→ **WHAT THE EXERCISE ASKS**: Copy out the data word for word. The images are not part of the copy.

++++ INFORMATION GIVEN

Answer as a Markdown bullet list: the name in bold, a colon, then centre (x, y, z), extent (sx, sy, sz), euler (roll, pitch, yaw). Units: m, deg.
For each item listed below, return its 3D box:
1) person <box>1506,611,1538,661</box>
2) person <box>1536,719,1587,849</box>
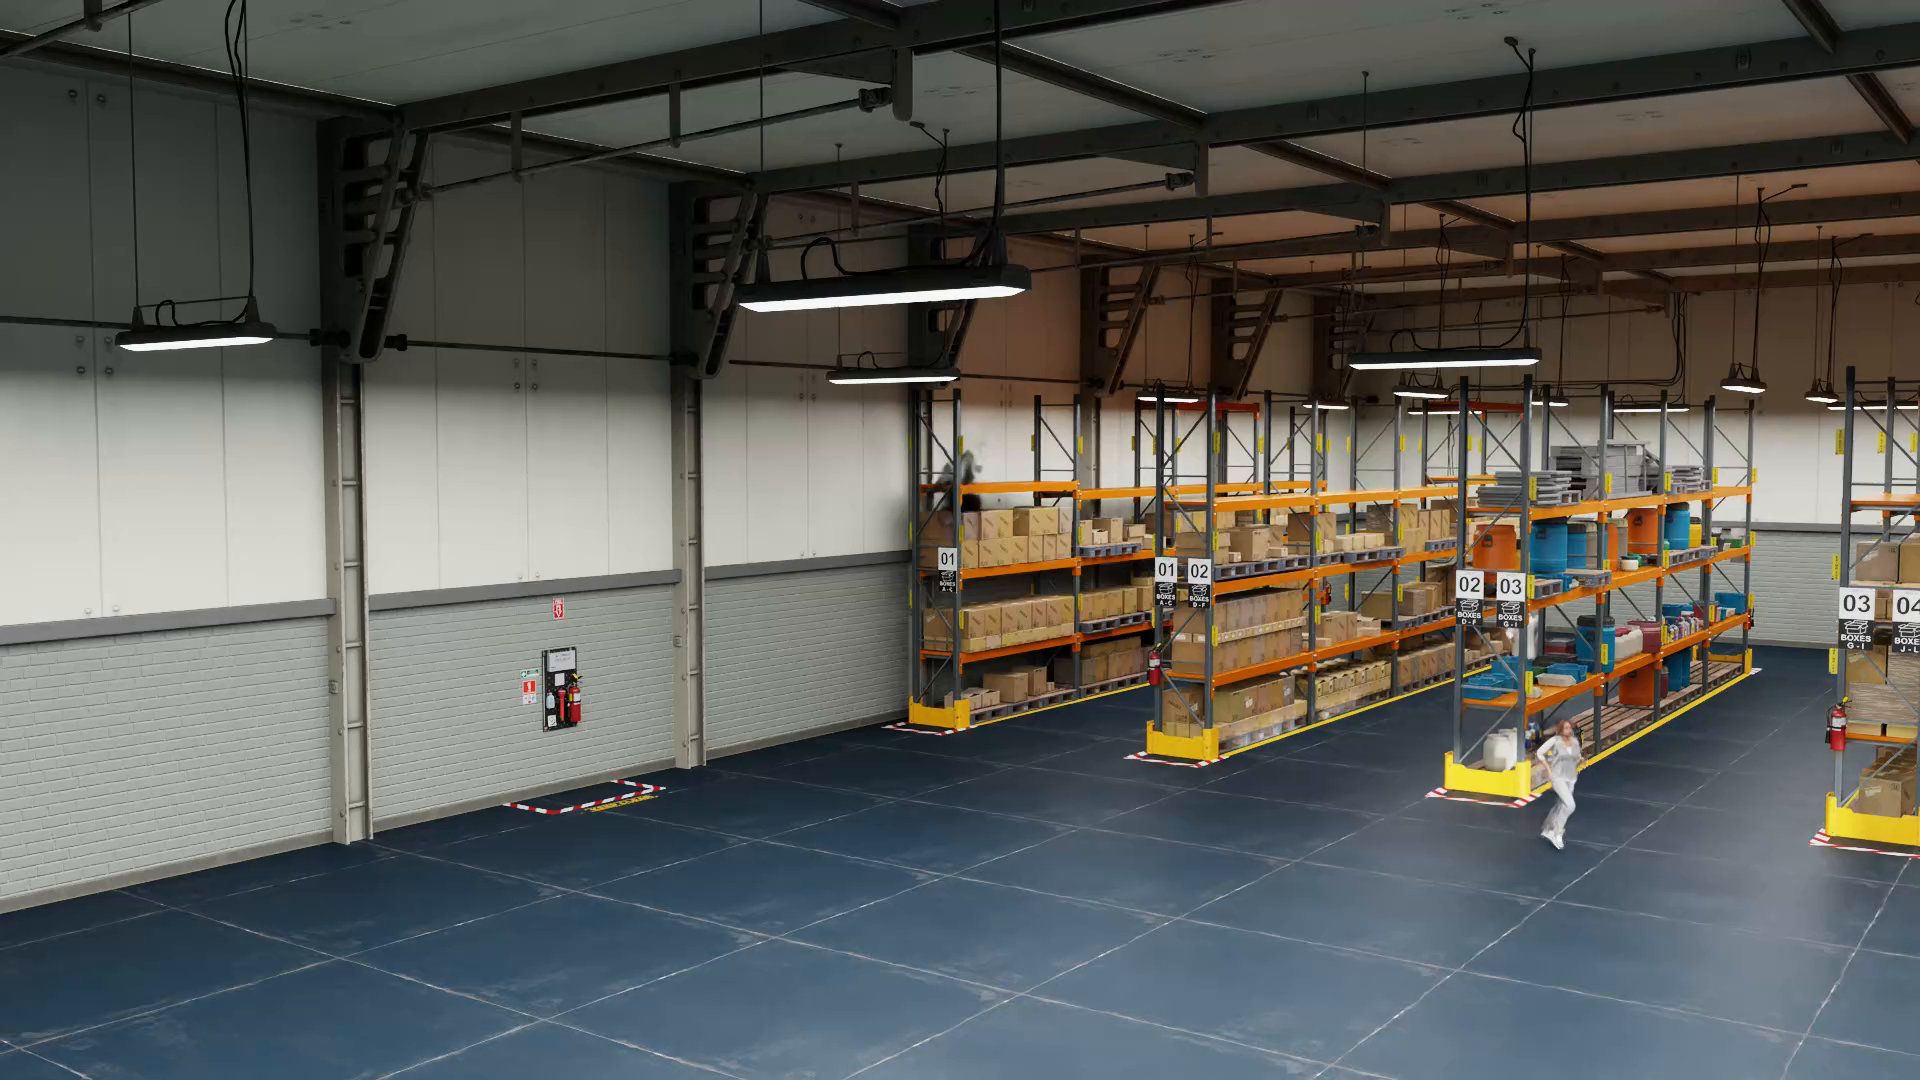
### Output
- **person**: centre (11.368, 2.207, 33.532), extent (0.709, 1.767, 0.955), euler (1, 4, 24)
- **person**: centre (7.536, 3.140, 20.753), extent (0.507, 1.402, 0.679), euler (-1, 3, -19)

++++++++

→ **EXERCISE RESPONSE**:
Answer as a Markdown bullet list: the name in bold, a colon, then centre (x, y, z), extent (sx, sy, sz), euler (roll, pitch, yaw). Units: m, deg.
For each item listed below, return its 3D box:
1) person <box>1506,611,1538,661</box>
2) person <box>1536,719,1587,849</box>
### Output
- **person**: centre (11.368, 2.207, 33.532), extent (0.709, 1.767, 0.955), euler (1, 4, 24)
- **person**: centre (7.536, 3.140, 20.753), extent (0.507, 1.402, 0.679), euler (-1, 3, -19)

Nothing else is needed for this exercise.